No one but me noticed the young girl slipping down on the sand, and laying her head on the log on which she had been sitting, and even I pretended not to see that her handkerchief was in action.

"Hello, Mary!" said I, "I'll match you skipping stones. Look at this!"

With that I sent a beautiful flat one skimming along with nearly a dozen hops in the brilliant track of the moon on the water. She did not pay any attention to me at first, and I kept skipping away, just as if I did not see her mopping her eyes. By-and-by a stroke worthy of myself sent a pebble spinning through the ripples, and Mary's ready laugh rang out beside me. Within twenty minutes of Dolly Martin's appearance on the scene, "Mamie" was the center of the corn-roasters, and the gayest of the gay. Belle told me she kept on that line of conduct during the whole week that Miss Martin and her mother stayed at the hotel.

"It seemed to me that Dolly took a special pleasure in parading her happiness before poor Mary, but Mary never showed the white feather."

"There's the making of a fine woman in her."

"That may be," said my wife. "But this last week she has been extremely wearing on me. Having no particular man on the string, she has followed me about like a spaniel, wanted to know what I'm reading, and has begun a book the minute I'm through with it."

"I've seen her carrying 'The Coming Race' about with her lately, but I notice that the bookmark always stays in the same place."

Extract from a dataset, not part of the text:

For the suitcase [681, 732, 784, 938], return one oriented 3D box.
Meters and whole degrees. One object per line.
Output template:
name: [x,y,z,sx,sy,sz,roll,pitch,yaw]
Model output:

Mary became fond of solitary rambles back in the pine woods, intersected by plank walks that made promenading possible. People liked to wander through there in the evenings, when the camp-lights in the hollows lent a mysterious charm, and on up to the big Knight Templar's Building, erected on the highest point of the sandy bluff overlooking Lake Michigan. Every night that prominent structure blazed with electric lights, and sometimes a band played on the veranda; but the only visitors were cottagers and guests from the hotel, who went up there to walk about and enjoy the prospect.

Our city editor often surprises me with the depth and breadth of his local information. For example, I opened the Echo one day to be made aware that "Miss Mamie Gemmell" had outstripped all the lady bicyclists in town by making the distance between Lake City and Interlaken in forty-seven minutes. It was also remarked that she was one of the most graceful lady riders on the road.

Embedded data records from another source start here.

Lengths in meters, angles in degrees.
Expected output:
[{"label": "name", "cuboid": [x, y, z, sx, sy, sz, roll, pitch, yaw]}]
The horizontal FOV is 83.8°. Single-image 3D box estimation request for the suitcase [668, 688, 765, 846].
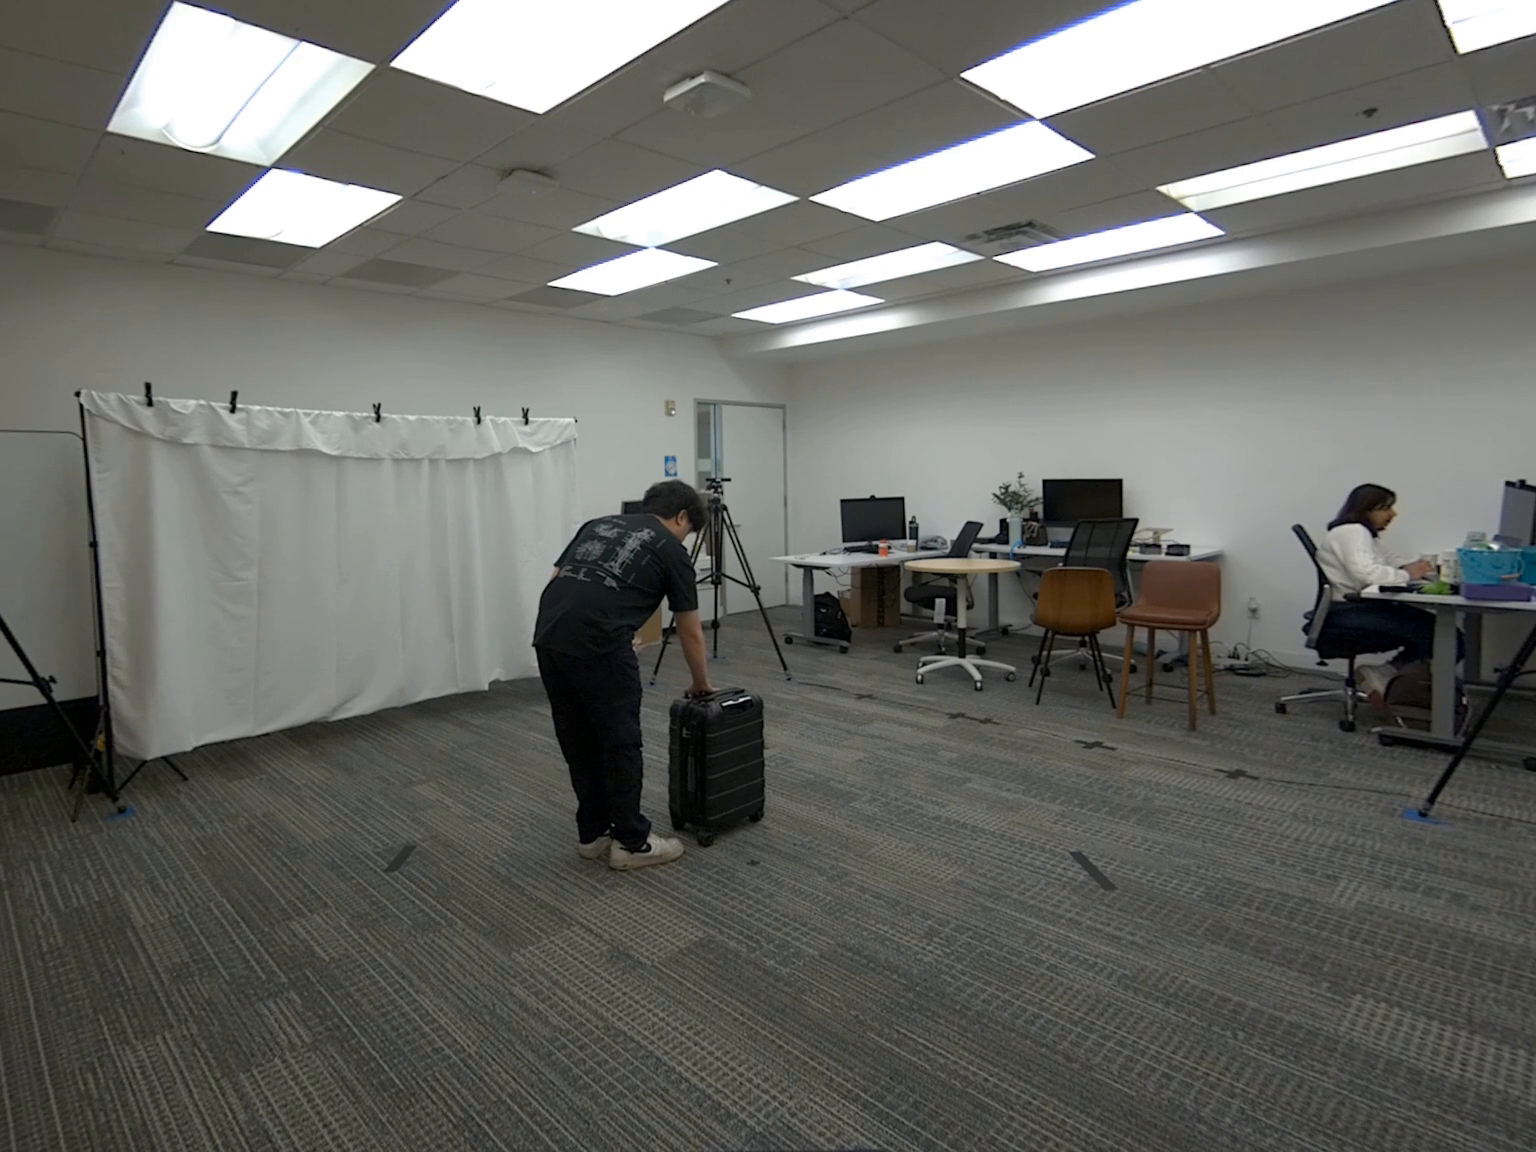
[{"label": "suitcase", "cuboid": [-0.202, 0.731, 3.433, 0.256, 0.547, 0.366, 4, 7, 43]}]
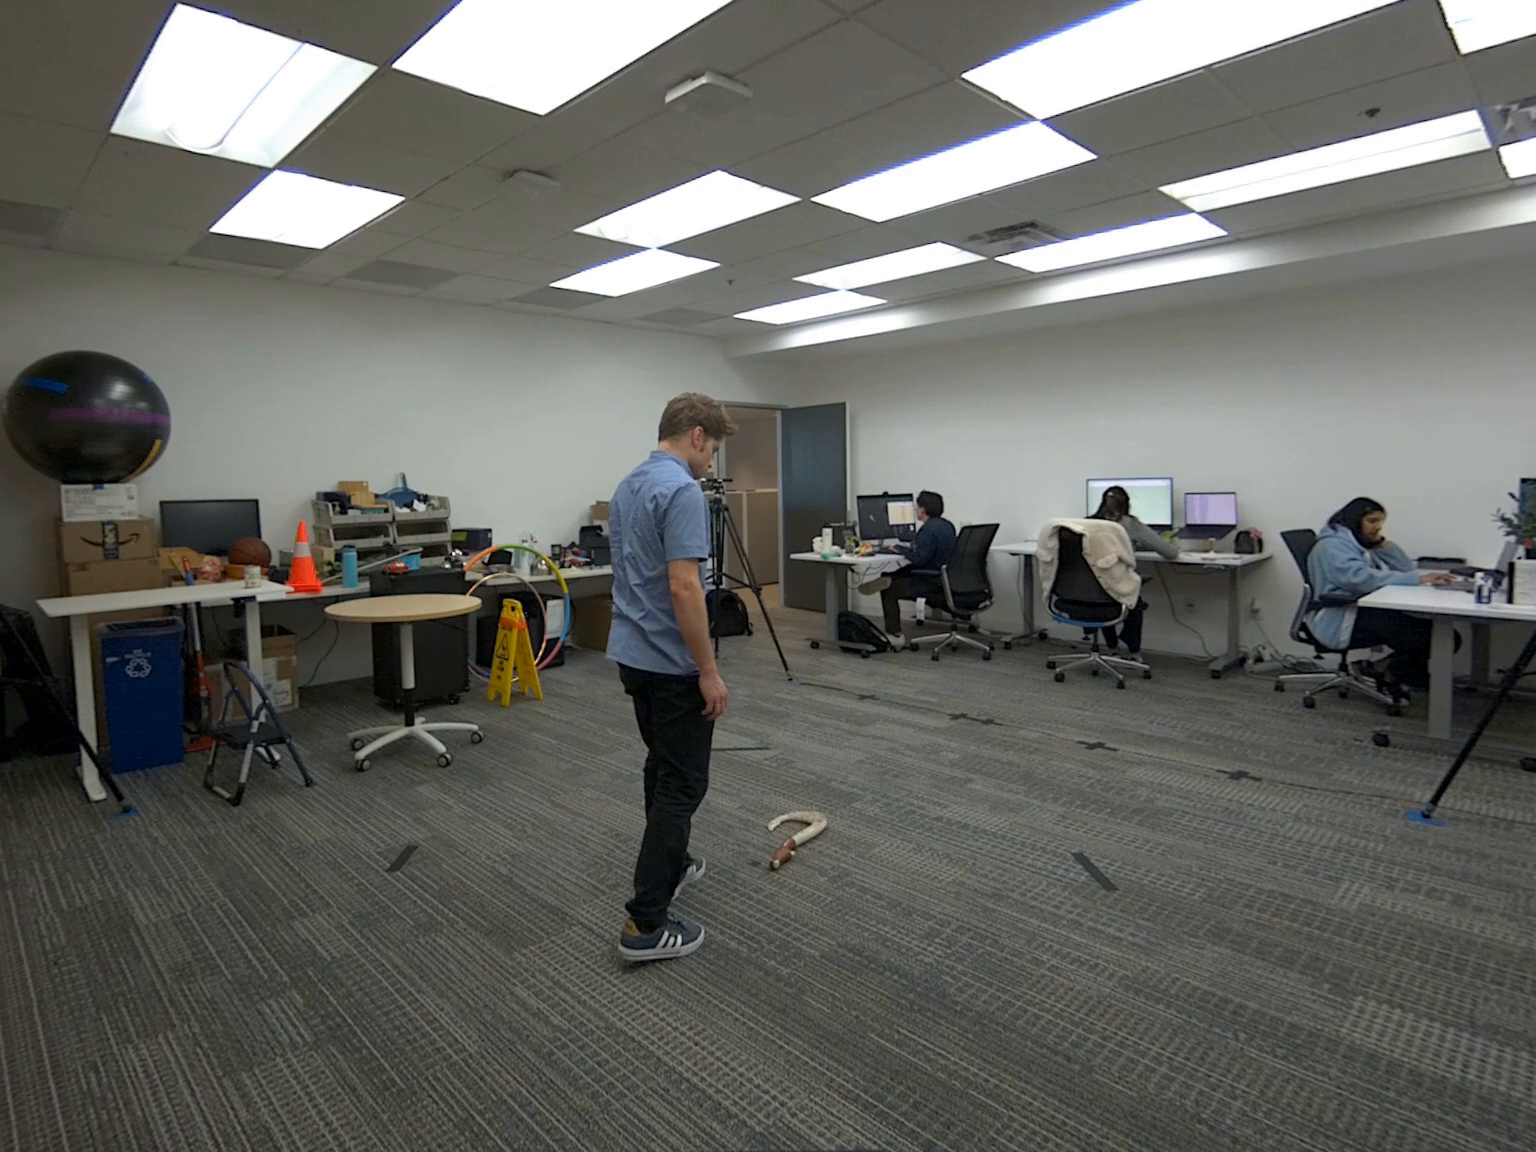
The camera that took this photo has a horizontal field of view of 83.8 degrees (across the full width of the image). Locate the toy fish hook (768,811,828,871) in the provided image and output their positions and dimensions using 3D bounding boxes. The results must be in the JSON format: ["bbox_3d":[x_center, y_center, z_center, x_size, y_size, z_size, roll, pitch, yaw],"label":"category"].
[{"bbox_3d":[0.068,1.008,3.285,0.229,0.048,0.497,-7,3,24],"label":"toy fish hook"}]

I wonder how many generations a man must be removed from Scotland before he becomes callous to the disposition of the family name. I own that I squirmed inwardly, but with outward composure asked Belle where Mary got the "bike."

"Watty's old one. He taught Mary to ride it, and then made her a present of it, for he's set his heart on a new wheel."

"Confoundedly generous of him!"

"I'm glad you look at it that way. It is so seldom that he does give up anything for anybody, I thought he ought to be encouraged, and I said he should have a new bicycle with pneumatic tires and all the latest improvements at Christmas, if you did not see fit to give it to him sooner."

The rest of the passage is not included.